# TASK TO COMPLETE
For the entries below, return the line holding "The height and width of the screenshot is (1344, 896)." together with all lines after it, unchanged, and leave every picture out.

═══ DATA TO PROCESS

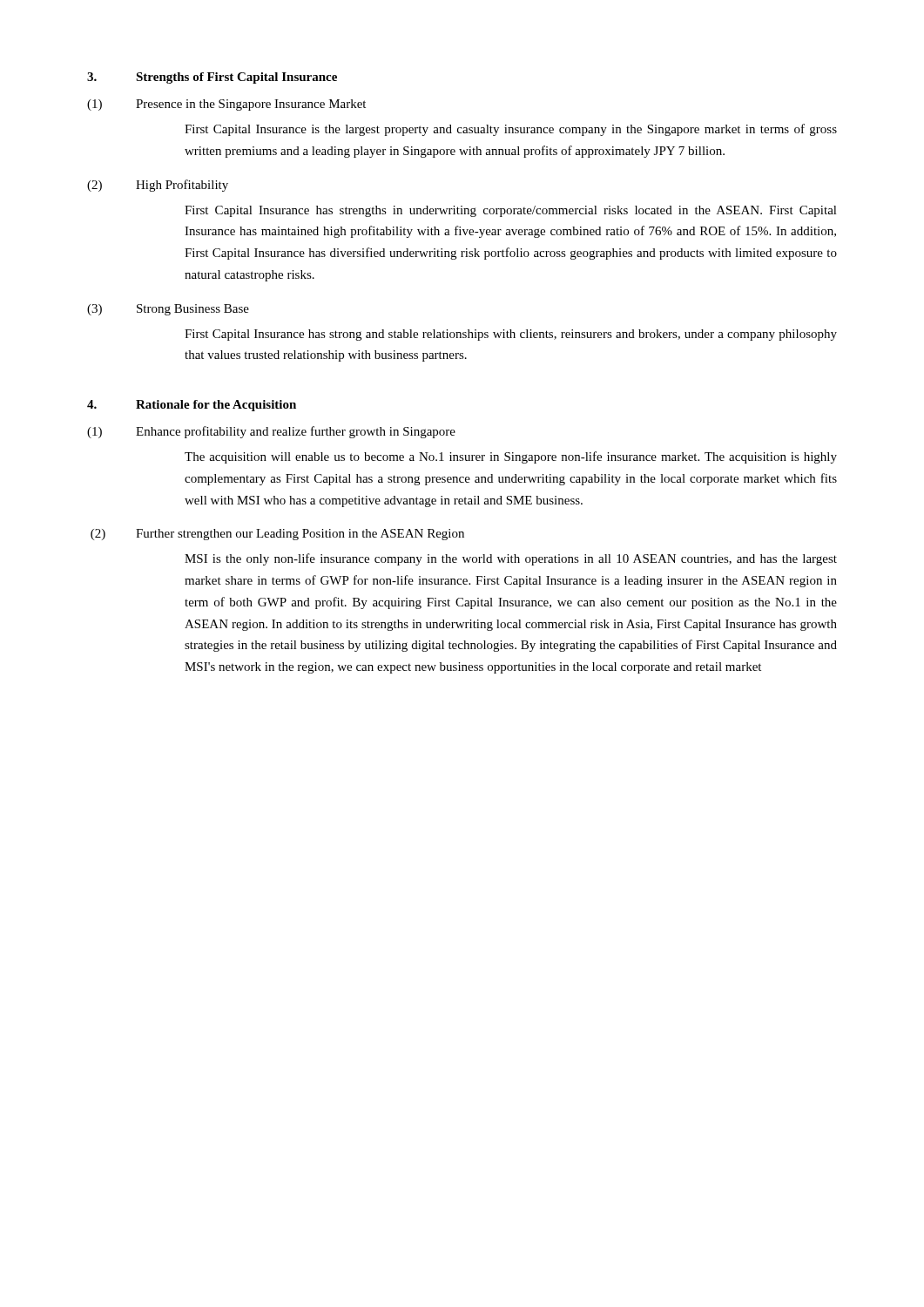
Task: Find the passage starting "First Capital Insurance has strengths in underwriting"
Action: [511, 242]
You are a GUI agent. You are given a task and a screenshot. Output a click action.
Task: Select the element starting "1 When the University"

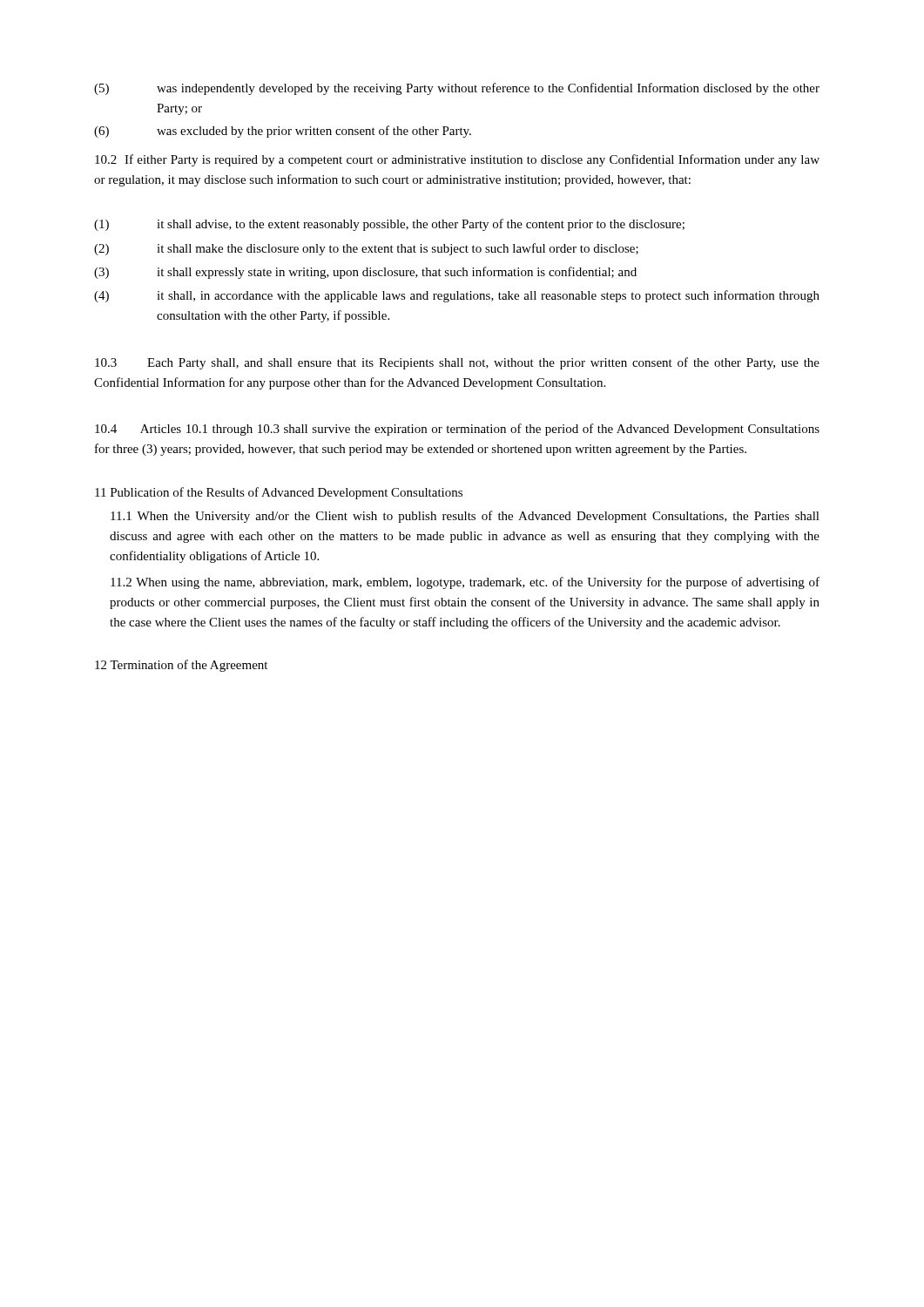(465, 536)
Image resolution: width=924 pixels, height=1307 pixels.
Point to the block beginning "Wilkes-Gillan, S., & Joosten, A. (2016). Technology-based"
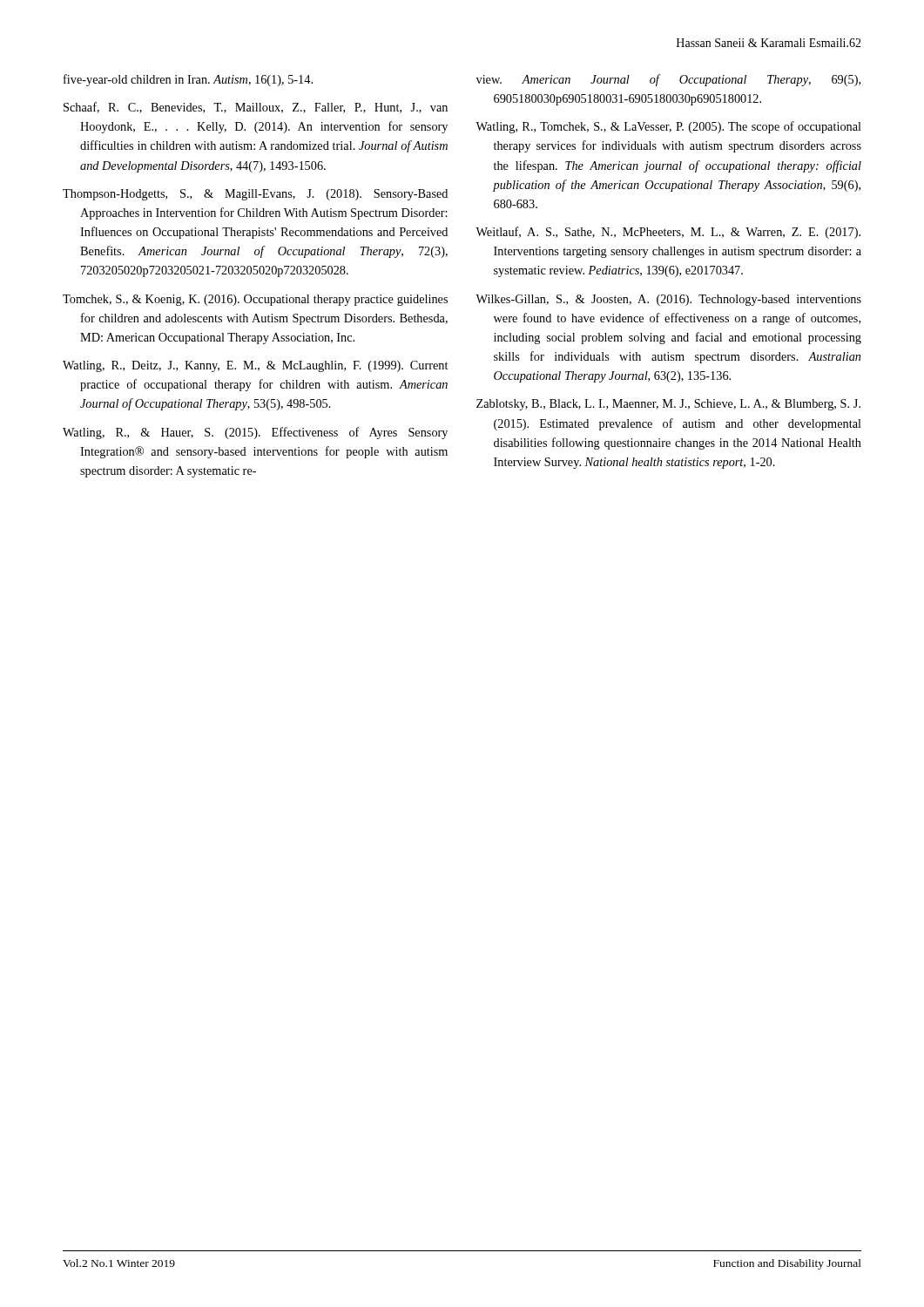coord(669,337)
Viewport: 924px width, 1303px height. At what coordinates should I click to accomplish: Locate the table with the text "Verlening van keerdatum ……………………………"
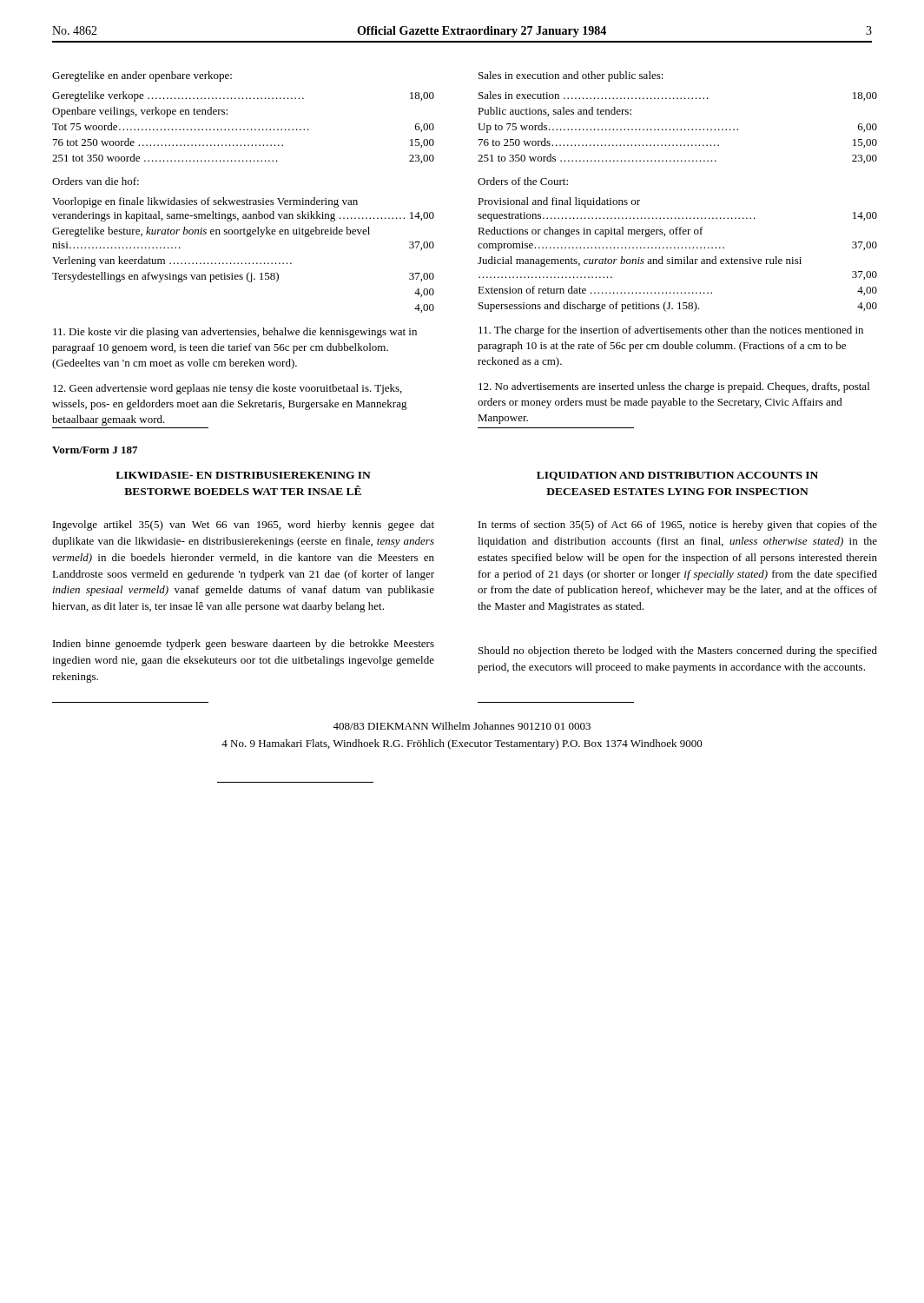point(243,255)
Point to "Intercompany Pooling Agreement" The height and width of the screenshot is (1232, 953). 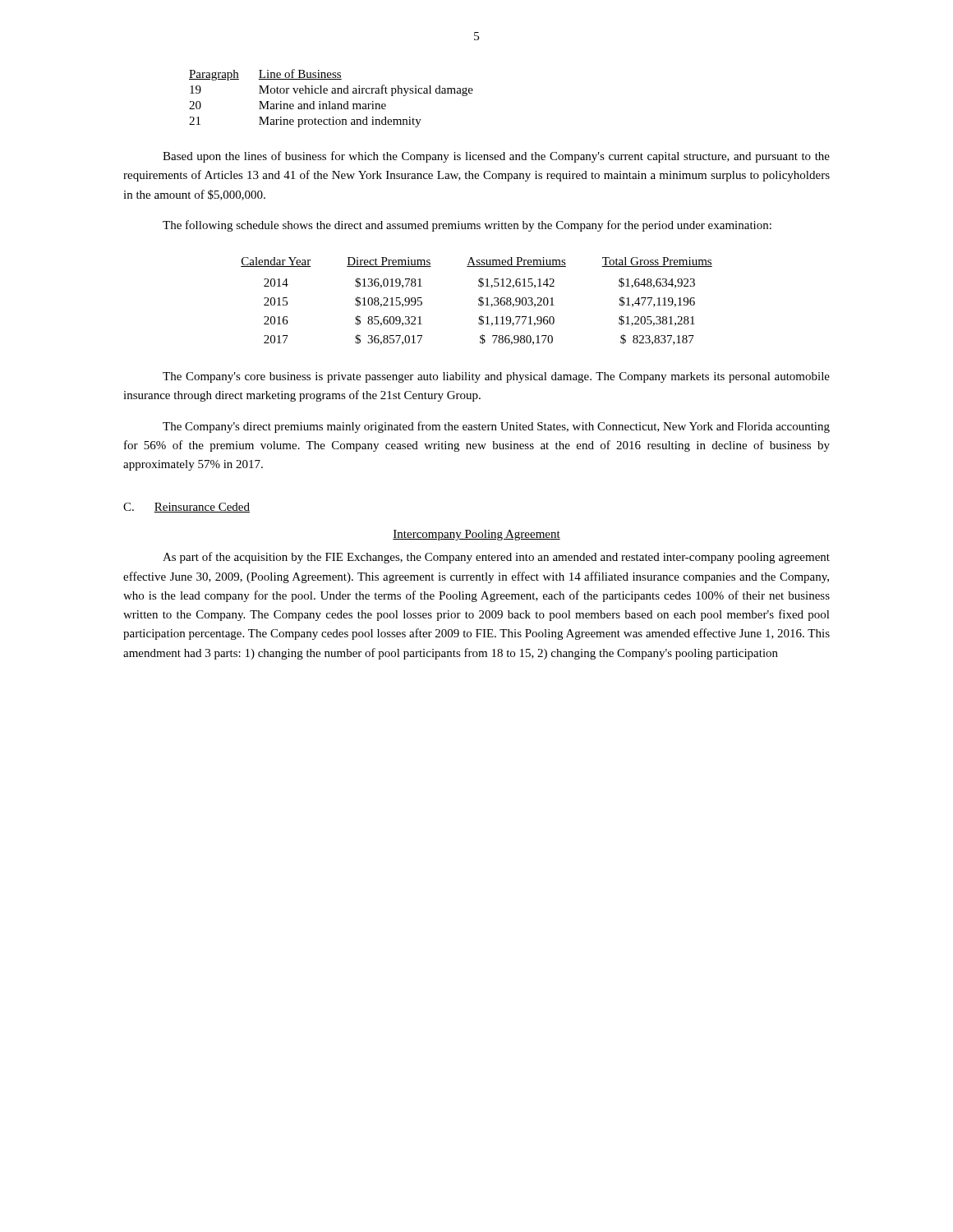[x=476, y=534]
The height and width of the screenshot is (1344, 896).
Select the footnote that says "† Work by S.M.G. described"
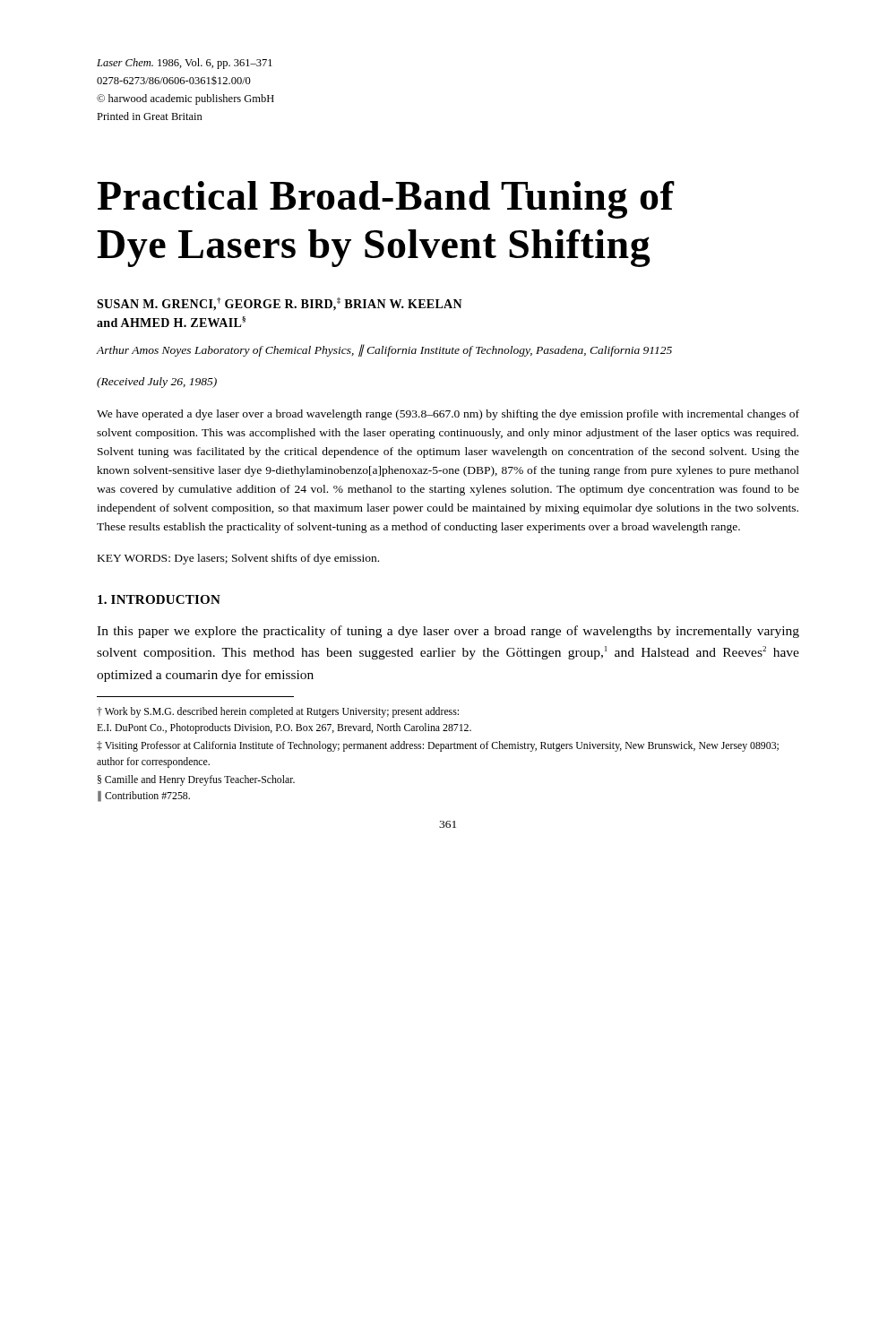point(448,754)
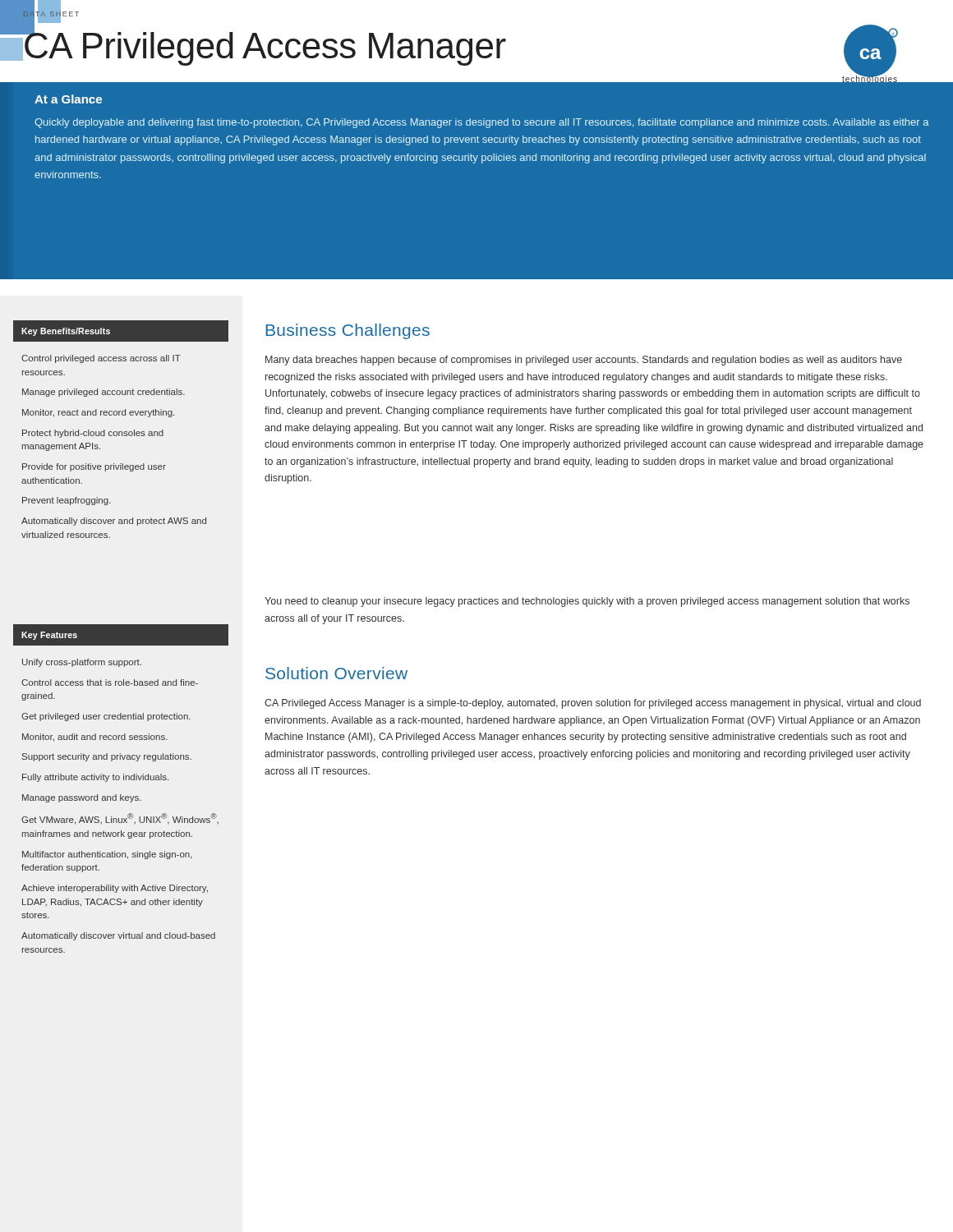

══════

# ANSWER SPACE
The height and width of the screenshot is (1344, 896).
Select the footnote that says "† Work by S.M.G. described"
point(448,754)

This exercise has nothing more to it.